By Ibrahim Negm
There is a scene that should disturb every person of faith, regardless of creed.
On Easter week, Paula White-Cain, President Trump’s personal spiritual adviser and head of the White House Faith Office, rose before an assembled Easter luncheon and delivered not a prayer, but a canonisation.
“You were betrayed, and arrested, and falsely accused,” she told the President. “This mirrors the familiar trials that our Lord and Savior experienced – but because of His resurrection, you rose up. Because he was victorious, you will be victorious in all you put your hand to.” Trump, warming to the occasion, had already drawn his own comparison, retelling the Palm Sunday story of Jesus entering Jerusalem to adoring crowds, then adding with a smile: “They call me king now. Can you believe it?”
The White House subsequently deleted the video. That deletion — quiet, swift, and far too late — was itself a confession.
The parallel between Jesus of Nazareth and Donald Trump fails at the first touch of honest scrutiny. Biblical scholar Aaron Higashi was unequivocal: “There is no valid comparison between President Trump’s arrests and Jesus’ experiences.”
Trump navigated his legal proceedings surrounded by lawyers, released promptly, and materially comfortable throughout.
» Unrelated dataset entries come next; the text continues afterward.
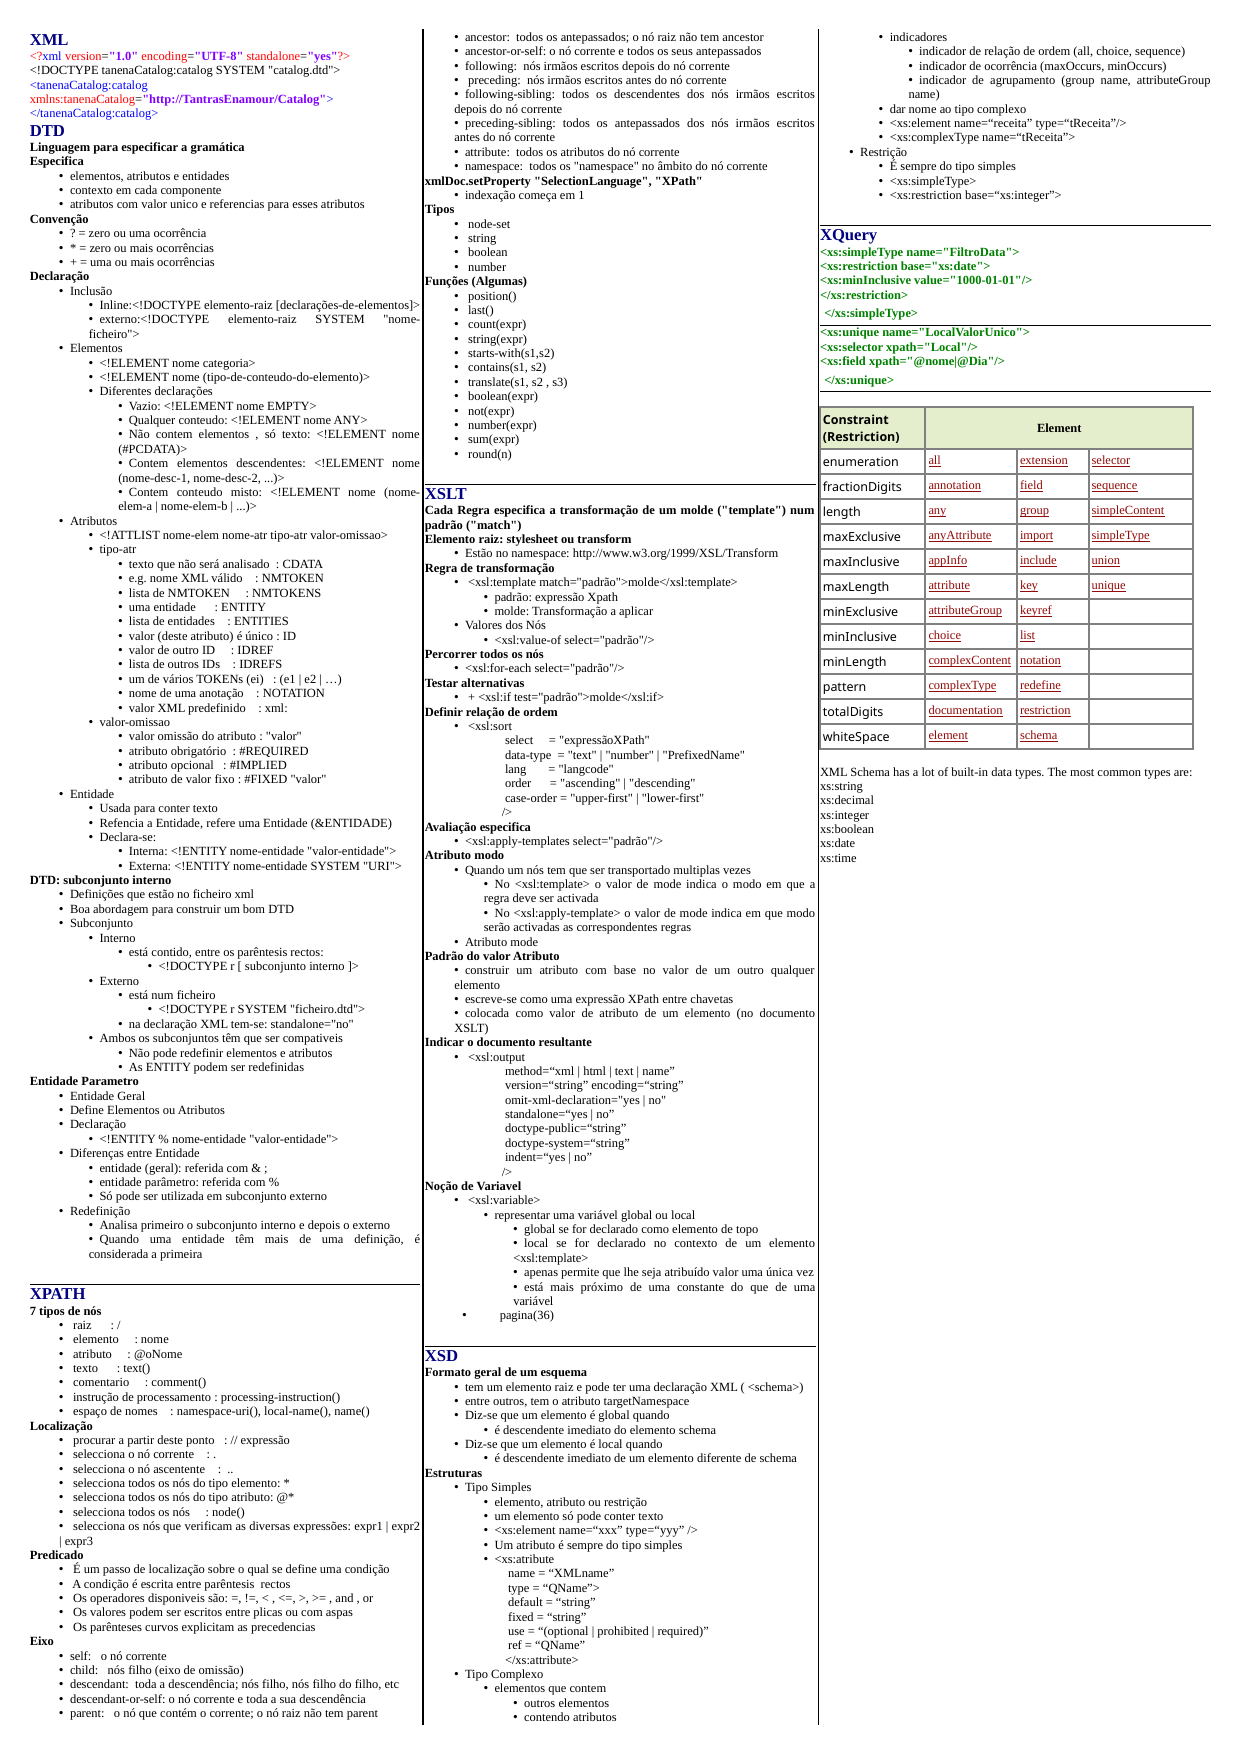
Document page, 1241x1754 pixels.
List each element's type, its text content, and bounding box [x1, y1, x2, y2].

table_cell pattern [821, 675, 924, 698]
table_cell element [926, 725, 1016, 748]
list Externa: <!ENTITY nome-entidade SYSTEM "URI"> [118, 858, 420, 873]
list Diz-se que um elemento é local quando [454, 1437, 816, 1451]
table_cell enumeration [821, 450, 924, 473]
text fixed = “string” [424, 1609, 816, 1624]
text xs:integer [820, 807, 1211, 822]
list indicadores [879, 29, 1211, 44]
text XML [29, 29, 420, 49]
table_cell documentation [926, 700, 1016, 723]
list * = zero ou mais ocorrências [59, 240, 420, 255]
list elementos, atributos e entidades [59, 168, 420, 183]
list selecciona o nó corrente : . [59, 1447, 420, 1461]
list molde: Transformação a aplicar [484, 604, 816, 618]
table_cell any [926, 500, 1016, 523]
list <!ELEMENT nome (tipo-de-conteudo-do-elemento)> [88, 370, 420, 384]
list selecciona os nós que verificam as diversas expressões: expr1 | expr2 | expr3 [59, 1519, 420, 1548]
text <?xml version="1.0" encoding="UTF-8" standalone="yes"?> [29, 49, 420, 63]
table_cell length [821, 500, 924, 523]
list <!ELEMENT nome categoria> [88, 355, 420, 370]
list Interna: <!ENTITY nome-entidade "valor-entidade"> [118, 844, 420, 858]
text DTD [29, 121, 420, 140]
list indexação começa em 1 [454, 188, 816, 202]
list following: nós irmãos escritos depois do nó corrente [454, 58, 816, 73]
text <xs:selector xpath="Local"/> [820, 339, 1211, 354]
text Regra de transformação [424, 561, 816, 575]
text Declaração [29, 269, 420, 283]
list <xsl:template match="padrão">molde</xsl:template> [454, 575, 816, 589]
text default = “string” [424, 1595, 816, 1609]
text use = “(optional | prohibited | required)” [424, 1624, 816, 1638]
list <xs:complexType name=“tReceita”> [879, 130, 1211, 144]
table_cell maxExclusive [821, 525, 924, 548]
text XQuery [820, 226, 1211, 244]
list translate(s1, s2 , s3) [454, 374, 816, 389]
list parent: o nó que contém o corrente; o nó raiz não tem parent [59, 1706, 420, 1720]
list raiz : / [59, 1318, 420, 1332]
list Um atributo é sempre do tipo simples [484, 1537, 816, 1552]
list Declaração [59, 1117, 420, 1132]
text Linguagem para especificar a gramática [29, 140, 420, 154]
list Ambos os subconjuntos têm que ser compativeis [88, 1031, 420, 1045]
text xmlDoc.setProperty "SelectionLanguage", "XPath" [424, 173, 816, 188]
table_cell redefine [1018, 675, 1088, 698]
list sum(expr) [454, 432, 816, 446]
text <xs:unique name="LocalValorUnico"> [820, 326, 1211, 339]
text version=“string” encoding=“string” [424, 1078, 816, 1092]
list é descendente imediato de um elemento diferente de schema [484, 1451, 816, 1466]
list Quando uma entidade têm mais de uma definição, é considerada a primeira [88, 1232, 420, 1261]
list e.g. nome XML válido : NMTOKEN [118, 571, 420, 585]
text xs:date [820, 836, 1211, 851]
list boolean [454, 245, 816, 259]
list valor omissão do atributo : "valor" [118, 729, 420, 743]
list entre outros, tem o atributo targetNamespace [454, 1394, 816, 1408]
table_cell choice [926, 625, 1016, 648]
list dar nome ao tipo complexo [879, 101, 1211, 116]
list Define Elementos ou Atributos [59, 1103, 420, 1117]
text DTD: subconjunto interno [29, 873, 420, 887]
list <xsl:for-each select="padrão"/> [454, 661, 816, 676]
text xs:boolean [820, 822, 1211, 836]
list uma entidade : ENTITY [118, 600, 420, 614]
list <!ENTITY % nome-entidade "valor-entidade"> [88, 1132, 420, 1146]
table_cell all [926, 450, 1016, 473]
table_cell restriction [1018, 700, 1088, 723]
list apenas permite que lhe seja atribuído valor uma única vez [513, 1265, 816, 1279]
list É sempre do tipo simples [879, 159, 1211, 173]
list Só pode ser utilizada em subconjunto externo [88, 1189, 420, 1203]
table_cell group [1018, 500, 1088, 523]
list selecciona todos os nós do tipo atributo: @* [59, 1490, 420, 1504]
list <!ATTLIST nome-elem nome-atr tipo-atr valor-omissao> [88, 528, 420, 542]
table_cell unique [1090, 575, 1192, 598]
text Formato geral de um esquema [424, 1365, 816, 1379]
list A condição é escrita entre parêntesis rectos [59, 1576, 420, 1591]
list lista de outros IDs : IDREFS [118, 657, 420, 672]
list entidade parâmetro: referida com % [88, 1175, 420, 1189]
text 7 tipos de nós [29, 1303, 420, 1318]
list <xs:element name=“xxx” type=“yyy” /> [484, 1523, 816, 1537]
list elemento, atributo ou restrição [484, 1494, 816, 1509]
list espaço de nomes : namespace-uri(), local-name(), name() [59, 1404, 420, 1418]
list <xsl:output [454, 1049, 816, 1064]
list Externo [88, 973, 420, 988]
list está mais próximo de uma constante do que de uma variável [513, 1279, 816, 1308]
list local se for declarado no contexto de um elemento <xsl:template> [513, 1236, 816, 1265]
table_cell keyref [1018, 600, 1088, 623]
list Refencia a Entidade, refere uma Entidade (&ENTIDADE) [88, 815, 420, 830]
table_cell attributeGroup [926, 600, 1016, 623]
list descendant-or-self: o nó corrente e toda a sua descendência [59, 1691, 420, 1706]
text Indicar o documento resultante [424, 1035, 816, 1049]
table_cell notation [1018, 650, 1088, 673]
list elemento : nome [59, 1332, 420, 1346]
table_cell totalDigits [821, 700, 924, 723]
text Eixo [29, 1634, 420, 1648]
list valor-omissao [88, 715, 420, 729]
text Noção de Variavel [424, 1179, 816, 1193]
text xs:decimal [820, 793, 1211, 807]
list Diferenças entre Entidade [59, 1146, 420, 1160]
table_cell [1090, 675, 1192, 698]
list Usada para conter texto [88, 801, 420, 815]
table_cell complexContent [926, 650, 1016, 673]
list externo:<!DOCTYPE elemento-raiz SYSTEM "nome-ficheiro"> [88, 312, 420, 341]
list selecciona o nó ascentente : .. [59, 1461, 420, 1476]
list Inclusão [59, 283, 420, 298]
list + <xsl:if test="padrão">molde</xsl:if> [454, 690, 816, 704]
list indicador de ocorrência (maxOccurs, minOccurs) [908, 58, 1211, 73]
text Cada Regra especifica a transformação de um molde ("template") num padrão ("match") [424, 503, 816, 532]
list <xs:atribute [484, 1552, 816, 1566]
list boolean(expr) [454, 389, 816, 403]
list + = uma ou mais ocorrências [59, 255, 420, 269]
list Entidade [59, 787, 420, 801]
list é descendente imediato do elemento schema [484, 1422, 816, 1437]
list ancestor-or-self: o nó corrente e todos os seus antepassados [454, 44, 816, 58]
list self: o nó corrente [59, 1648, 420, 1663]
table_cell include [1018, 550, 1088, 573]
list atributo opcional : #IMPLIED [118, 758, 420, 772]
text XSLT [424, 484, 816, 503]
table_header Constraint (Restriction) [821, 408, 924, 448]
list lista de entidades : ENTITIES [118, 614, 420, 628]
table_cell maxInclusive [821, 550, 924, 573]
list na declaração XML tem-se: standalone="no" [118, 1017, 420, 1031]
table_cell complexType [926, 675, 1016, 698]
text /> [424, 805, 816, 819]
table_cell minLength [821, 650, 924, 673]
list Não pode redefinir elementos e atributos [118, 1045, 420, 1060]
list following-sibling: todos os descendentes dos nós irmãos escritos depois do nó corrente [454, 87, 816, 116]
list <xs:restriction base=“xs:integer”> [879, 188, 1211, 202]
list global se for declarado como elemento de topo [513, 1222, 816, 1236]
text xs:string [820, 779, 1211, 793]
list Qualquer conteudo: <!ELEMENT nome ANY> [118, 413, 420, 427]
text <xs:minInclusive value="1000-01-01"/> [820, 273, 1211, 287]
list construir um atributo com base no valor de um outro qualquer elemento [454, 963, 816, 992]
list entidade (geral): referida com & ; [88, 1160, 420, 1175]
list preceding-sibling: todos os antepassados dos nós irmãos escritos antes do nó corrente [454, 116, 816, 144]
text Predicado [29, 1548, 420, 1562]
list Diferentes declarações [88, 384, 420, 398]
table_cell extension [1018, 450, 1088, 473]
list <xs:simpleType> [879, 173, 1211, 188]
table_cell attribute [926, 575, 1016, 598]
list escreve-se como uma expressão XPath entre chavetas [454, 992, 816, 1006]
table_cell anyAttribute [926, 525, 1016, 548]
text Especifica [29, 154, 420, 168]
text Convenção [29, 212, 420, 226]
text Tipos [424, 202, 816, 216]
list atributos com valor unico e referencias para esses atributos [59, 197, 420, 212]
table_cell fractionDigits [821, 475, 924, 498]
text name = “XMLname” [424, 1566, 816, 1581]
text Funções (Algumas) [424, 274, 816, 288]
list lista de NMTOKEN : NMTOKENS [118, 585, 420, 600]
list node-set [454, 216, 816, 231]
list child: nós filho (eixo de omissão) [59, 1663, 420, 1677]
text data-type = "text" | "number" | "PrefixedName" [424, 747, 816, 762]
list selecciona todos os nós do tipo elemento: * [59, 1476, 420, 1490]
list starts-with(s1,s2) [454, 346, 816, 360]
list <!DOCTYPE r SYSTEM "ficheiro.dtd"> [148, 1002, 420, 1017]
list atributo : @oNome [59, 1346, 420, 1361]
list Restrição [849, 144, 1211, 159]
list Os operadores disponiveis são: =, !=, < , <=, >, >= , and , or [59, 1591, 420, 1605]
list namespace: todos os "namespace" no âmbito do nó corrente [454, 159, 816, 173]
table_cell selector [1090, 450, 1192, 473]
text Definir relação de ordem [424, 704, 816, 719]
list Declara-se: [88, 830, 420, 844]
list instrução de processamento : processing-instruction() [59, 1389, 420, 1404]
table_cell import [1018, 525, 1088, 548]
list indicador de relação de ordem (all, choice, sequence) [908, 44, 1211, 58]
list Quando um nós tem que ser transportado multiplas vezes [454, 862, 816, 877]
text Percorrer todos os nós [424, 647, 816, 661]
text lang = "langcode" [424, 762, 816, 776]
list As ENTITY podem ser redefinidas [118, 1060, 420, 1074]
text doctype-system=“string” [424, 1136, 816, 1150]
text /> [424, 1164, 816, 1179]
list Atributos [59, 513, 420, 528]
text Elemento raiz: stylesheet ou transform [424, 532, 816, 546]
list Contem elementos descendentes: <!ELEMENT nome (nome-desc-1, nome-desc-2, ...)> [118, 456, 420, 485]
table_cell minExclusive [821, 600, 924, 623]
list number(expr) [454, 418, 816, 432]
text </xs:simpleType> [820, 302, 1211, 325]
list valor de outro ID : IDREF [118, 643, 420, 657]
list No <xsl:template> o valor de mode indica o modo em que a regra deve ser activada [484, 877, 816, 906]
text omit-xml-declaration="yes | no" [424, 1092, 816, 1107]
text method=“xml | html | text | name” [424, 1064, 816, 1078]
list attribute: todos os atributos do nó corrente [454, 144, 816, 159]
list pagina(36) [462, 1308, 816, 1322]
table_cell [1090, 700, 1192, 723]
list <xsl:value-of select="padrão"/> [484, 632, 816, 647]
list ancestor: todos os antepassados; o nó raiz não tem ancestor [454, 29, 816, 44]
table_cell field [1018, 475, 1088, 498]
text <xs:restriction base="xs:date"> [820, 259, 1211, 273]
list Contem conteudo misto: <!ELEMENT nome (nome-elem-a | nome-elem-b | ...)> [118, 485, 420, 513]
list Os parênteses curvos explicitam as precedencias [59, 1619, 420, 1634]
list string [454, 231, 816, 245]
list Redefinição [59, 1203, 420, 1218]
list <xs:element name=“receita” type=“tReceita”/> [879, 116, 1211, 130]
list representar uma variável global ou local [484, 1207, 816, 1222]
table_cell appInfo [926, 550, 1016, 573]
list Analisa primeiro o subconjunto interno e depois o externo [88, 1218, 420, 1232]
text XPATH [29, 1284, 420, 1303]
list Entidade Geral [59, 1088, 420, 1103]
table_cell list [1018, 625, 1088, 648]
table_cell maxLength [821, 575, 924, 598]
list Subconjunto [59, 916, 420, 930]
text </xs:attribute> [424, 1652, 816, 1667]
list Definições que estão no ficheiro xml [59, 887, 420, 902]
list padrão: expressão Xpath [484, 589, 816, 604]
list contendo atributos [513, 1710, 816, 1724]
text Entidade Parametro [29, 1074, 420, 1088]
table_cell simpleContent [1090, 500, 1192, 523]
list nome de uma anotação : NOTATION [118, 686, 420, 700]
list outros elementos [513, 1696, 816, 1710]
list atributo obrigatório : #REQUIRED [118, 743, 420, 758]
text <tanenaCatalog:catalog xmlns:tanenaCatalog="http://TantrasEnamour/Catalog"> [29, 77, 420, 106]
text </tanenaCatalog:catalog> [29, 106, 420, 121]
text Atributo modo [424, 848, 816, 862]
list <xsl:variable> [454, 1193, 816, 1207]
list texto que não será analisado : CDATA [118, 557, 420, 571]
text standalone=“yes | no” [424, 1107, 816, 1121]
table_cell [1090, 650, 1192, 673]
list um elemento só pode conter texto [484, 1509, 816, 1523]
text case-order = "upper-first" | "lower-first" [424, 791, 816, 805]
text <!DOCTYPE tanenaCatalog:catalog SYSTEM "catalog.dtd"> [29, 63, 420, 77]
list Elementos [59, 341, 420, 355]
list Atributo mode [454, 934, 816, 949]
text XSD [424, 1346, 816, 1365]
table_cell minInclusive [821, 625, 924, 648]
table_cell simpleType [1090, 525, 1192, 548]
list Os valores podem ser escritos entre plicas ou com aspas [59, 1605, 420, 1619]
text </xs:restriction> [820, 287, 1211, 302]
text Testar alternativas [424, 676, 816, 690]
text </xs:unique> [820, 368, 1211, 391]
list procurar a partir deste ponto : // expressão [59, 1433, 420, 1447]
list Inline:<!DOCTYPE elemento-raiz [declarações-de-elementos]> [88, 298, 420, 312]
list selecciona todos os nós : node() [59, 1504, 420, 1519]
list está contido, entre os parêntesis rectos: [118, 945, 420, 959]
list Tipo Simples [454, 1480, 816, 1494]
list Estão no namespace: http://www.w3.org/1999/XSL/Transform [454, 546, 816, 561]
text doctype-public=“string” [424, 1121, 816, 1136]
list Tipo Complexo [454, 1667, 816, 1681]
text indent=“yes | no” [424, 1150, 816, 1164]
list count(expr) [454, 317, 816, 331]
list tem um elemento raiz e pode ter uma declaração XML ( <schema>) [454, 1379, 816, 1394]
list contexto em cada componente [59, 183, 420, 197]
list colocada como valor de atributo de um elemento (no documento XSLT) [454, 1006, 816, 1035]
table_cell [1090, 625, 1192, 648]
list Interno [88, 930, 420, 945]
list está num ficheiro [118, 988, 420, 1002]
table_cell key [1018, 575, 1088, 598]
table_cell whiteSpace [821, 725, 924, 748]
list um de vários TOKENs (ei) : (e1 | e2 | …) [118, 672, 420, 686]
list Boa abordagem para construir um bom DTD [59, 902, 420, 916]
text ref = “QName” [424, 1638, 816, 1652]
list <!DOCTYPE r [ subconjunto interno ]> [148, 959, 420, 973]
text Localização [29, 1418, 420, 1433]
list <xsl:apply-templates select="padrão"/> [454, 834, 816, 848]
list atributo de valor fixo : #FIXED "valor" [118, 772, 420, 787]
list descendant: toda a descendência; nós filho, nós filho do filho, etc [59, 1677, 420, 1691]
list <xsl:sort [454, 719, 816, 733]
text Avaliação especifica [424, 819, 816, 834]
list É um passo de localização sobre o qual se define uma condição [59, 1562, 420, 1576]
list last() [454, 303, 816, 317]
list number [454, 259, 816, 274]
text type = “QName”> [424, 1581, 816, 1595]
list Não contem elementos , só texto: <!ELEMENT nome (#PCDATA)> [118, 427, 420, 456]
list No <xsl:apply-template> o valor de mode indica em que modo serão activadas as correspondentes regras [484, 906, 816, 934]
table_cell schema [1018, 725, 1088, 748]
text Estruturas [424, 1466, 816, 1480]
list valor XML predefinido : xml: [118, 700, 420, 715]
list round(n) [454, 446, 816, 461]
text order = "ascending" | "descending" [424, 776, 816, 791]
list tipo-atr [88, 542, 420, 557]
list Valores dos Nós [454, 618, 816, 632]
text Padrão do valor Atributo [424, 949, 816, 963]
list not(expr) [454, 403, 816, 418]
list contains(s1, s2) [454, 360, 816, 374]
list texto : text() [59, 1361, 420, 1375]
table_header Element [926, 408, 1192, 448]
text <xs:field xpath="@nome|@Dia"/> [820, 354, 1211, 368]
table_cell union [1090, 550, 1192, 573]
list valor (deste atributo) é único : ID [118, 628, 420, 643]
list comentario : comment() [59, 1375, 420, 1389]
list preceding: nós irmãos escritos antes do nó corrente [454, 73, 816, 87]
table_cell annotation [926, 475, 1016, 498]
text xs:time [820, 851, 1211, 865]
list indicador de agrupamento (group name, attributeGroup name) [908, 73, 1211, 101]
text XML Schema has a lot of built-in data types. The most common types are: [820, 750, 1211, 779]
table_cell [1090, 600, 1192, 623]
table_cell sequence [1090, 475, 1192, 498]
list ? = zero ou uma ocorrência [59, 226, 420, 240]
list Vazio: <!ELEMENT nome EMPTY> [118, 398, 420, 413]
table_cell [1090, 725, 1192, 748]
text <xs:simpleType name="FiltroData"> [820, 244, 1211, 259]
list Diz-se que um elemento é global quando [454, 1408, 816, 1422]
list string(expr) [454, 331, 816, 346]
list elementos que contem [484, 1681, 816, 1696]
text select = "expressãoXPath" [424, 733, 816, 747]
list position() [454, 288, 816, 303]

Jesus was ambushed by an armed mob in the dark, subjected to violence, denied legal counsel, and publicly executed after a sham trial before a jeering crowd.
Jesuit priest James Martin drew the line plainly: “Equating a political figure with the sinless Son of God during Holy Week — that’s unacceptable.”
Catholic theologian Rich Raho simply called it “blasphemous.” Rev. Benjamin Cremer was the most direct: “This is what it sounds like to misuse Jesus’ name.”
These are not secular critics or partisan commentators. These are devout, practicing Christians — priests, scholars, and theologians — drawing a line that their faith demands.
The preacher behind the pulpit
To understand the moment, one must understand its author. Paula White-Cain is not a mainstream Christian voice.
She is a televangelist of the prosperity gospel tradition — a current critics across the Christian spectrum have labelled theologically corrupted, built on the claim that material wealth follows from faith and generous financial donations to ministry.
The Christian Post documented how her doctrine “manipulates vulnerable individuals by linking their financial status to their spiritual worth.” This is the figure Trump appointed to lead his White House Faith Office.
The choice was revealing. Religion was not being engaged – it was being deployed.
A pattern, not an incident
The Easter comparison was not a lapse in judgment. It was a culmination. Since his second term began, Trump has systematically wrapped his presidency in sacred imagery: weekly prayer circles in the Oval Office, a national “America Prays” initiative, and a State of the Union address in which he declared that “when God wants a nation to work His will, He knows exactly who to ask.”
The Boston Globe documented how his evangelical agenda has become “supercharged,” with critics warning it has become “a vehicle for airing partisan grievances” rather than genuine faith.
Scholars at the USC Centre for Religion and Civic Culture describe what is emerging as “an institutionalised, fundamentally anti-democratic religio-political movement” that directly threatens the constitutional separation of church and state.
The logic of this progression is dangerous. When a president becomes a Christ-figure, his critics become sinners. His policies become sanctified directives. His failures become divine tests. His opponents become enemies of God. This is not metaphor — it is the grammar of theocracy.
What the deletion revealed
Someone in the White House understood that what occurred was wrong — and deleted the evidence anyway. No apology, no statement, no explanation was offered. That silence is instructive. One does not delete a prayer because it went too far. One deletes a performance because the audience reacted badly.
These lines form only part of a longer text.